More data cleaning is done in the next cell, namely some empty cells in the total number of panels column are removed. The method for doing that is replacing the blank cells with NaNs and then removing the rows with NaN in the panel number column. 

In [14]:
combined['number_of_panels_total'].replace('', np.nan,inplace=True)
combined.dropna(subset=['number_of_panels_total'], inplace=True)

To simplify the dataframe, the following cell eliminates the variables that are not relevant; this just makes it easier to view the relevant data. 

In [15]:
combined.drop(columns = ['lat_max', 'lat_min', 'lng_max', 'lng_min', 'lat_avg', 'lng_avg', 'yearly_sunlight_kwh_kw_threshold_avg', 'count_qualified', 'percent_covered', 'percent_qualified', 'number_of_panels_n', 'number_of_panels_s', 'number_of_panels_e', 'number_of_panels_w', 'number_of_panels_f', 'number_of_panels_median', 'kw_median', 'kw_total', 'yearly_sunlight_kwh_n', 'yearly_sunlight_kwh_s', 'yearly_sunlight_kwh_e', 'yearly_sunlight_kwh_w', 'yearly_sunlight_kwh_f', 'yearly_sunlight_kwh_median', 'yearly_sunlight_kwh_total', 'install_size_kw_buckets_json', 'carbon_offset_metric_tons', 'existing_installs_count', 'NAME']).head()

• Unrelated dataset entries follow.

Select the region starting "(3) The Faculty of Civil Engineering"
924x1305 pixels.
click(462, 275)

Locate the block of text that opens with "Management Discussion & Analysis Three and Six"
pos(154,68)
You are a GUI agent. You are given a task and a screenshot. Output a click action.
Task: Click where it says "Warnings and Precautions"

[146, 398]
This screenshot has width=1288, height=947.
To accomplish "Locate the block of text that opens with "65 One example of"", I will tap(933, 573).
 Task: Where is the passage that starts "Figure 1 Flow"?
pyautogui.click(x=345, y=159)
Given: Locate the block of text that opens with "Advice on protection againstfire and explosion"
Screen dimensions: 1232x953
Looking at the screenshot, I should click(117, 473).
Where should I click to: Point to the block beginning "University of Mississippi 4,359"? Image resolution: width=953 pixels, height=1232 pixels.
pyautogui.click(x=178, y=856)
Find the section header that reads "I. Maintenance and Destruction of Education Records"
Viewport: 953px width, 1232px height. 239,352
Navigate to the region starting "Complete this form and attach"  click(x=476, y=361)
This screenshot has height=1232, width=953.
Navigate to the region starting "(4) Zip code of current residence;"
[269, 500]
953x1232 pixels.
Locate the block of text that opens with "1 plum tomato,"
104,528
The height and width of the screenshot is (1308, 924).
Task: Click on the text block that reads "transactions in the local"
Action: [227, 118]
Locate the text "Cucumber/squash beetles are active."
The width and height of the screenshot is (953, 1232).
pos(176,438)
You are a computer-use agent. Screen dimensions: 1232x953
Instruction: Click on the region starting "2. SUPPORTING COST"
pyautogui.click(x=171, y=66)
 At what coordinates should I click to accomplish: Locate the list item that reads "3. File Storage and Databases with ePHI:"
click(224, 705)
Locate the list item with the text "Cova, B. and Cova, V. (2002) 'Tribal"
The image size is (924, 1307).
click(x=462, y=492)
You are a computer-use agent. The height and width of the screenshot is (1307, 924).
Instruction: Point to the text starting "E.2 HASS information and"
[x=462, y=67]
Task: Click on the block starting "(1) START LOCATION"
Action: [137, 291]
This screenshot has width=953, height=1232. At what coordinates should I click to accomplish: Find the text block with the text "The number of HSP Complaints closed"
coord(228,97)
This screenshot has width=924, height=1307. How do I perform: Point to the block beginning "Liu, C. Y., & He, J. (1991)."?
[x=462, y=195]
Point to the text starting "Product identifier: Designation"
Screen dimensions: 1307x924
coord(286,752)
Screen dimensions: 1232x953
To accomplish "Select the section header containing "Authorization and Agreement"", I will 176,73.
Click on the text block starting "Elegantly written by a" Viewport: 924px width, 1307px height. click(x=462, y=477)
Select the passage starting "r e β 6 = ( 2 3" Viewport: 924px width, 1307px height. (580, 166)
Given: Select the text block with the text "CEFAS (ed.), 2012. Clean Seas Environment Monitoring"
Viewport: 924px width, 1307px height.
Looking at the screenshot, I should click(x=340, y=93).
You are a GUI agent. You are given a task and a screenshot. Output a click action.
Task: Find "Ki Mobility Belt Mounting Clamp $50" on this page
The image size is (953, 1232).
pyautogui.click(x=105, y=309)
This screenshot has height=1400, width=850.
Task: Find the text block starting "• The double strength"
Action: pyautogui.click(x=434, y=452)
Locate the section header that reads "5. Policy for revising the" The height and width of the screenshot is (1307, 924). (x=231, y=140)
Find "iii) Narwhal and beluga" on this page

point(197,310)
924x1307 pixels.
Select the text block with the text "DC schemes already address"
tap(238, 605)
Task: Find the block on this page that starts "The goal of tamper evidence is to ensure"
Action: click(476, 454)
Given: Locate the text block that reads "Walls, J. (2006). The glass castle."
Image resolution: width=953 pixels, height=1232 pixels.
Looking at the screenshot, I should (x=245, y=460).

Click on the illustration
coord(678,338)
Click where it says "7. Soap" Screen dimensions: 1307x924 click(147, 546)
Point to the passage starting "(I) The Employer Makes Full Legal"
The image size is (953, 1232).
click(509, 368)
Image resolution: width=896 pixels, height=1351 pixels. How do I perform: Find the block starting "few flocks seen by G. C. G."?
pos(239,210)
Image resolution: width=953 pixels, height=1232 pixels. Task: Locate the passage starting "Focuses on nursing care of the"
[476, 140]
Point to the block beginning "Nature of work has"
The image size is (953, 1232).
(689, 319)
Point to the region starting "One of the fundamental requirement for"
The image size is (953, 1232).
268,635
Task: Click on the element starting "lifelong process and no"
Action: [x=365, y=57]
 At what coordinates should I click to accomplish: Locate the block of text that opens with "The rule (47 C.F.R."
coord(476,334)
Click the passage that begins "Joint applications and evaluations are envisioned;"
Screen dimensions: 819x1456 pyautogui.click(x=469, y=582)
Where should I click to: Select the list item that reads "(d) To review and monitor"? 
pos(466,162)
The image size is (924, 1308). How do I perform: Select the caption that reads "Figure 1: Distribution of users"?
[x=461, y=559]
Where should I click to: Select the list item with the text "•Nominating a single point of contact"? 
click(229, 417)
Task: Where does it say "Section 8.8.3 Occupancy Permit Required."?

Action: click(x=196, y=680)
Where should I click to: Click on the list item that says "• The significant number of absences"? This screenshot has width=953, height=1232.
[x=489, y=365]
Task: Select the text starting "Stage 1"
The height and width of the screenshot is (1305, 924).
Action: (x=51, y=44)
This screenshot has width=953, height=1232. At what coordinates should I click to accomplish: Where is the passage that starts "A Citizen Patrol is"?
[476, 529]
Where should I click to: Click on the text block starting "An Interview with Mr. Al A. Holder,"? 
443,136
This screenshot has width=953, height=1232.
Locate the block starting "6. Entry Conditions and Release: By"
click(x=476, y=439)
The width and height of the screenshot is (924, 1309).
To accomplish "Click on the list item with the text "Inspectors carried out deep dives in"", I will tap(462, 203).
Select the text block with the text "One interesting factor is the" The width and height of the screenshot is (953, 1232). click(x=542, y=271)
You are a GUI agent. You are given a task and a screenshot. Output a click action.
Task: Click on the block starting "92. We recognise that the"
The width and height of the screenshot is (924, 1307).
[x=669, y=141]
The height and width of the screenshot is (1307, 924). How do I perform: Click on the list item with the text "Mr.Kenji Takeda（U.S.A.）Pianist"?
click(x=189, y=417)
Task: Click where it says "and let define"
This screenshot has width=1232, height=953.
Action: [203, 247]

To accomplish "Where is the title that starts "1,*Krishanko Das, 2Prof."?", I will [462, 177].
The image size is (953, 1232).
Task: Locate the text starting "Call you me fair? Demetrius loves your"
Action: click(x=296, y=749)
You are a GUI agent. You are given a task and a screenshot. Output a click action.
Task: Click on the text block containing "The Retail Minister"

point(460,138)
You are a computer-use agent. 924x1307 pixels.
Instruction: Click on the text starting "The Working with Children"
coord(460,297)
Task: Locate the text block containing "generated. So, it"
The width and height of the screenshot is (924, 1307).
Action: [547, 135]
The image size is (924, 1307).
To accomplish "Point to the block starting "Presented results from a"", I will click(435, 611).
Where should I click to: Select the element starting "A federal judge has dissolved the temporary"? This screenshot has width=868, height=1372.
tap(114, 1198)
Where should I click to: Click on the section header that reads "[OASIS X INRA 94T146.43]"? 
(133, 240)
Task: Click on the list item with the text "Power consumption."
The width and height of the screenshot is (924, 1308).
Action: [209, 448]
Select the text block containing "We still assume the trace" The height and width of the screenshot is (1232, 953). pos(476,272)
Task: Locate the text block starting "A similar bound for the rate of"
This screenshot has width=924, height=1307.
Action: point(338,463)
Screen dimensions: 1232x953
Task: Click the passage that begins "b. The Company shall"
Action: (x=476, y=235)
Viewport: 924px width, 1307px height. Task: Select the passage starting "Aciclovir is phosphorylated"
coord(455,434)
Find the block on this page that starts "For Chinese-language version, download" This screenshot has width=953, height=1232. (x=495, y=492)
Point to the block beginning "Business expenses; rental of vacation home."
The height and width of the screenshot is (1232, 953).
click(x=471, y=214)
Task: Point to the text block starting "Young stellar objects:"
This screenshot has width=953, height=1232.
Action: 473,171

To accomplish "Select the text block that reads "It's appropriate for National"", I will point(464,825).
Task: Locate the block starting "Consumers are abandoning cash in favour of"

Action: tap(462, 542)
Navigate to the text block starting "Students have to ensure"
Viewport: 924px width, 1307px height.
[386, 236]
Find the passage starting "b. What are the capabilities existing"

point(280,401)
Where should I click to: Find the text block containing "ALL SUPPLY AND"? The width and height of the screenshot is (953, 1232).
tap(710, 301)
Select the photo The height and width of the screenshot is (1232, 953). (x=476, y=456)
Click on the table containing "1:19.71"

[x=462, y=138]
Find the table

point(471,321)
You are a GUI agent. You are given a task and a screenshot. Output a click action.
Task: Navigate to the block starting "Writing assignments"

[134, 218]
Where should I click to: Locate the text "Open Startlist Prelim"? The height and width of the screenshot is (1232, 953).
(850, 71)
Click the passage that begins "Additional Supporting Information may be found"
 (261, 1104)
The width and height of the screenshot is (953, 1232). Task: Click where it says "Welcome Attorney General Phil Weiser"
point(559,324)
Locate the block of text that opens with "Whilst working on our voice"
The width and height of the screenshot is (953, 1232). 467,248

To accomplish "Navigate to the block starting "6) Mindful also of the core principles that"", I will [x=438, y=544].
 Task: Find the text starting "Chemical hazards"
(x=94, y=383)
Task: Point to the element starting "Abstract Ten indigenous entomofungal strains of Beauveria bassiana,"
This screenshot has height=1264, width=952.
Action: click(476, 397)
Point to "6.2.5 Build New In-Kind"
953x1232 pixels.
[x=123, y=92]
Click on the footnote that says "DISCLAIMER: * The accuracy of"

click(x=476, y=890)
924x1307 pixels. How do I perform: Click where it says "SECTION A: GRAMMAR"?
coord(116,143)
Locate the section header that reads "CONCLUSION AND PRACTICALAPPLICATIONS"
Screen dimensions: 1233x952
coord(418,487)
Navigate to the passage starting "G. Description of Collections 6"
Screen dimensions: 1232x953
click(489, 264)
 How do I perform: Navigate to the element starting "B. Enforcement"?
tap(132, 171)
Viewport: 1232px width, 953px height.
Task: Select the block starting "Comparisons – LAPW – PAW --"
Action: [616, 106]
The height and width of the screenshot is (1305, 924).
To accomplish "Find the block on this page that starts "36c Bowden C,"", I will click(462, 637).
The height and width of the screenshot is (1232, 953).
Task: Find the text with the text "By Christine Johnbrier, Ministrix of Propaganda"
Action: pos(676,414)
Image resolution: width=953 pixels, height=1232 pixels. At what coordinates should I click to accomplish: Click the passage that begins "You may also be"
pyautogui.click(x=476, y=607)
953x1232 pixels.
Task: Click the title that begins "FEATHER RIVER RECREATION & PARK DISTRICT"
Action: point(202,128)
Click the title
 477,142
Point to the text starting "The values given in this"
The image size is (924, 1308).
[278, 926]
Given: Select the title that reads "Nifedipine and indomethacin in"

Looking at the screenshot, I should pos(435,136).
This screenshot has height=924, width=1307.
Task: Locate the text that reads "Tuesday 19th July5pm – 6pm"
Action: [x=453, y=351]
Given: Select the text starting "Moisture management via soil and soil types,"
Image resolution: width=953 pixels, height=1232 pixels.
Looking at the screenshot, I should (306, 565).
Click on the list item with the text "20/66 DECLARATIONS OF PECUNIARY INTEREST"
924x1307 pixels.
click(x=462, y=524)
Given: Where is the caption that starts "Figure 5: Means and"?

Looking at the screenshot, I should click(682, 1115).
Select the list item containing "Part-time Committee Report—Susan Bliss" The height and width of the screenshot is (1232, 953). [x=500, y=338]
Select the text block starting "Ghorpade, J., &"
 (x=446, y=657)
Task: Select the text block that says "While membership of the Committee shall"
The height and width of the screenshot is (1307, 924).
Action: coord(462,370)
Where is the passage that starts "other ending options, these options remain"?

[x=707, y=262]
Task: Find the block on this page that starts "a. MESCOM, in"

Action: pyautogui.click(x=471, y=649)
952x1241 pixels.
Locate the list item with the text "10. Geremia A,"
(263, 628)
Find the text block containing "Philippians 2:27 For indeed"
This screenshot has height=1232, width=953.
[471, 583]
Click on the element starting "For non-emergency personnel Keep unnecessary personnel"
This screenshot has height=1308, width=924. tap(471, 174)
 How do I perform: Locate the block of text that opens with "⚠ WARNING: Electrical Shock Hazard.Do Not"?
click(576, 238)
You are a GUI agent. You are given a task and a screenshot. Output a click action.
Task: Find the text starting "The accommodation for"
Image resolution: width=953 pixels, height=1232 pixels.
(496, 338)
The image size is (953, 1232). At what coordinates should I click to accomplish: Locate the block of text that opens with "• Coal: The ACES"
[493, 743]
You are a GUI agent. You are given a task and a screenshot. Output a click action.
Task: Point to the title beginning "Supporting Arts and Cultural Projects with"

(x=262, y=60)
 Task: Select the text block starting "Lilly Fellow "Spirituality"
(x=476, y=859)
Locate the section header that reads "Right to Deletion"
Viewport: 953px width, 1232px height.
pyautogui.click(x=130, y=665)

Unnamed: 0,tractID,state_name,number_of_panels_total,TotalPopulation,White,Black,Asian,Hispanic,Income
0,4013010000.0,Arizona,301364.0,4602.0,4408.0,25.0,134.0,59.0,115725.0
1,4013030000.0,Arizona,276815.0,4539.0,4472.0,0.0,62.0,170.0,113889.0
3,4013030000.0,Arizona,186557.0,4243.0,4031.0,17.0,0.0,121.0,81994.0
4,4013041000.0,Arizona,298081.0,5404.0,5306.0,27.0,0.0,17.0,40978.0
5,4013041000.0,Arizona,340237.0,6395.0,6213.0,69.0,63.0,29.0,42378.0


## Next Steps

My next steps will include using Geopandas to visualize the demographic data in a select few counties, likely the largest counties, by census tract, as well as more exploratory data analysis.  

Then I will hopefully use some of the topics that we learned about more complex data science concepts like random forests to find out the most significant reason for uptake in solar power.